It’s a clear winter night as I write these last words. I’ve stepped out to look at the sky. With the stars up above and the blackness of space, I can’t avoid feeling awe.
How could we, Homo sapiens, an insignificant species on an insignificant planet adrift in a middleweight galaxy, have managed to predict how space and time would tremble after two black holes collided in the vastness of the universe a billion light-years away? We knew what that wave should sound like before it got here. And, courtesy of calculus, computers, and Einstein, we were right.
That gravitational wave was the faintest whisper ever heard. That soft little wave had been headed our way from before we were primates, before we were mammals, from a time in our microbial past. When it arrived that day in 2015, because we were listening—and because we knew calculus—we understood what the soft whisper meant.
Steve Strogatz
Chatting with a friend the subject of gravity came up. It isn't a conventional force, but we perceive it as one. Rather it's connected with the curvature of a four-dimensional object called space-time that we happen to live in. The fundamental concepts aren't intuitive and the math that describes it is beyond what you might get in an engineering degree. So how to describe it? There are very high level books and videos that speak in terms of balls on rubber sheets and then jump to oddities like clocks running faster on mountain tops and blackholes. I usually find them a bit fluffy and disappointing. They're bound by assumptions about their audience, so it's not a major criticism. It's just that I was talking with one person and something a bit deeper seemed appropriate. Just how do you find the right level and where do you go from there?

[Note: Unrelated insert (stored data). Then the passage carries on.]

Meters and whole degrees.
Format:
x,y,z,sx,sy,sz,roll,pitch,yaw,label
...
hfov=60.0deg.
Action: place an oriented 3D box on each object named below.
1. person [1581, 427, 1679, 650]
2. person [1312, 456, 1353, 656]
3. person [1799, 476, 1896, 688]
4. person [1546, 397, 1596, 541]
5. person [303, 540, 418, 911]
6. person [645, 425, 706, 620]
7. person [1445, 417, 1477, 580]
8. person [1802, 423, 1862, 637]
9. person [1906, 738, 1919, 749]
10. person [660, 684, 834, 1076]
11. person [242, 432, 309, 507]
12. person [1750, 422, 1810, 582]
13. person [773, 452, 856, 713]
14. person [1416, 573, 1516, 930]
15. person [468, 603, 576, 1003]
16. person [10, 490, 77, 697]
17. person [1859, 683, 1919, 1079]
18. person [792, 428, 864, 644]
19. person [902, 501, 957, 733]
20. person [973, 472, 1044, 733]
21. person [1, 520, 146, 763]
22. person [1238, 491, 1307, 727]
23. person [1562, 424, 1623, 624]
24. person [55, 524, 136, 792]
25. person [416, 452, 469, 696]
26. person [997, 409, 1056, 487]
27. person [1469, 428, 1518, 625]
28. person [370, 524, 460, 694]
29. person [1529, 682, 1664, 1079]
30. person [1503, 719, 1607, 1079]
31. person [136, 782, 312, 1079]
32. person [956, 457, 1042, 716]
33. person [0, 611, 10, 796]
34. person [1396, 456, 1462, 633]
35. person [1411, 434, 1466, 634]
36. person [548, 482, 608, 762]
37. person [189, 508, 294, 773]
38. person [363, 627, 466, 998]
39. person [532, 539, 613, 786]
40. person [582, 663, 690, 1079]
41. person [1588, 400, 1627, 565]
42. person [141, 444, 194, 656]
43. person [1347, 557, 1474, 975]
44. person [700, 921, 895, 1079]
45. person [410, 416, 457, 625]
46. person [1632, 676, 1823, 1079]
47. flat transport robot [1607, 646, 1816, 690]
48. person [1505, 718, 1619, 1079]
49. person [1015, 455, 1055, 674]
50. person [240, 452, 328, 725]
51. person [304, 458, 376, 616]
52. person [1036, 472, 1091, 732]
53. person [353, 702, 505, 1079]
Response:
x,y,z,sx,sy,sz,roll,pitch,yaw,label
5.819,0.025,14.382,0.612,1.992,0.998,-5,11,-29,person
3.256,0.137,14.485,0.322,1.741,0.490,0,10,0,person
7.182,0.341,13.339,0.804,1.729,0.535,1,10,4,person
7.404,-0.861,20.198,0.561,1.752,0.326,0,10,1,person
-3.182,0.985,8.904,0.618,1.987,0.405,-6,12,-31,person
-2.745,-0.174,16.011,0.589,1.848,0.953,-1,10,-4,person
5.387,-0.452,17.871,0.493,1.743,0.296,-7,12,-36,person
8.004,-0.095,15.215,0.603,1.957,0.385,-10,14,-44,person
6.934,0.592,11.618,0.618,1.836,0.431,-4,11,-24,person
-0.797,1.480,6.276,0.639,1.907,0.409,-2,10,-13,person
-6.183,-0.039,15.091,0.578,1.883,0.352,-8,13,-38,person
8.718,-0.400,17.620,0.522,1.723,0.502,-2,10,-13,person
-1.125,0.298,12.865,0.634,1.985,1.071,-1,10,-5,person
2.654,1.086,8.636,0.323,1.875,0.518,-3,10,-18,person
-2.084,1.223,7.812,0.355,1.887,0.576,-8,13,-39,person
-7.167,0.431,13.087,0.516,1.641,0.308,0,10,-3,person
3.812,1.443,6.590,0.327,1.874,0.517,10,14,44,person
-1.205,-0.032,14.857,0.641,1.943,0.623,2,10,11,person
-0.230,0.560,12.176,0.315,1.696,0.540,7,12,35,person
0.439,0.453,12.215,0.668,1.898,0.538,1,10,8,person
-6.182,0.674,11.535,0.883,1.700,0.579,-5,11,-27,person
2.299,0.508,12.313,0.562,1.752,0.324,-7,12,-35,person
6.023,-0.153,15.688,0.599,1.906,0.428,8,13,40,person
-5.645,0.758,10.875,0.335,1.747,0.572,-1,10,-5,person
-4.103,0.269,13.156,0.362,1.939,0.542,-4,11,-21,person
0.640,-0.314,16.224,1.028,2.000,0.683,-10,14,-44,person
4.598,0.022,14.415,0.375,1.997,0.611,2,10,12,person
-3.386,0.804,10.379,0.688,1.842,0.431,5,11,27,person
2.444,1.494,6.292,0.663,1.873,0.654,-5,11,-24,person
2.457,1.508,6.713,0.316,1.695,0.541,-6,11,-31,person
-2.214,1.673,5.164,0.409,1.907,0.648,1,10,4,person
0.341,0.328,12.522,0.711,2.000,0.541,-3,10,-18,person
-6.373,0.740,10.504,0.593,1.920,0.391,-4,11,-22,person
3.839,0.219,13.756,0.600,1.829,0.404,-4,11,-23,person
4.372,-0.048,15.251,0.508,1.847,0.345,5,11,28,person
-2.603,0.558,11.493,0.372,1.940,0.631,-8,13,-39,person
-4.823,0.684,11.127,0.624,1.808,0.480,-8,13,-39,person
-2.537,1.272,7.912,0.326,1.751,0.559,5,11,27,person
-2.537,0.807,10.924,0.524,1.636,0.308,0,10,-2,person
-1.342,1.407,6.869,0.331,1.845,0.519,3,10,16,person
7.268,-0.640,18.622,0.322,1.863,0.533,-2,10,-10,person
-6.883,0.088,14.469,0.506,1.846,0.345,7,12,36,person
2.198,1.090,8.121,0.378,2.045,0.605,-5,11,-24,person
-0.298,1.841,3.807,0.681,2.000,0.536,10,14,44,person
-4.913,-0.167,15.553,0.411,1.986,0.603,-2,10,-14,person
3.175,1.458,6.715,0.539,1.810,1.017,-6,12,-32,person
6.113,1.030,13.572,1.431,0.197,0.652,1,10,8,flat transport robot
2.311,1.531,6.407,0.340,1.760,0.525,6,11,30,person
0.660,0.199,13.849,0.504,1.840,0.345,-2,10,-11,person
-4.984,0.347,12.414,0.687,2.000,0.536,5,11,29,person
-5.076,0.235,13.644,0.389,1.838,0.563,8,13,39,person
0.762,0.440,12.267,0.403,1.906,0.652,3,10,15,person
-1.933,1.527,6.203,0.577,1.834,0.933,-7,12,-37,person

A few years ago Wired produced the 5 Levels series. An expert would try to explain something about a complex subject to five people: a child, a teenager, an undergrad majoring in the same subject, a grad student and, finally, a colleague. My favorite is Donna Strickland on lasers - give it a watch, she's excellent:
I went through something like this just before my Ph.D. thesis defense. I was to explain my thesis work to a group of high school students. At first I thought it would be easy, but that notion quickly evaporated. It turned out to be one of the most difficult and embarrassing things I've done. My advisor stepped in near the end of the talk and summed everything up beautifully. Afterwards he told me if you understand something deeply, you can explain the gist of it to a high school student. That's high on the list of the most important things I've learned.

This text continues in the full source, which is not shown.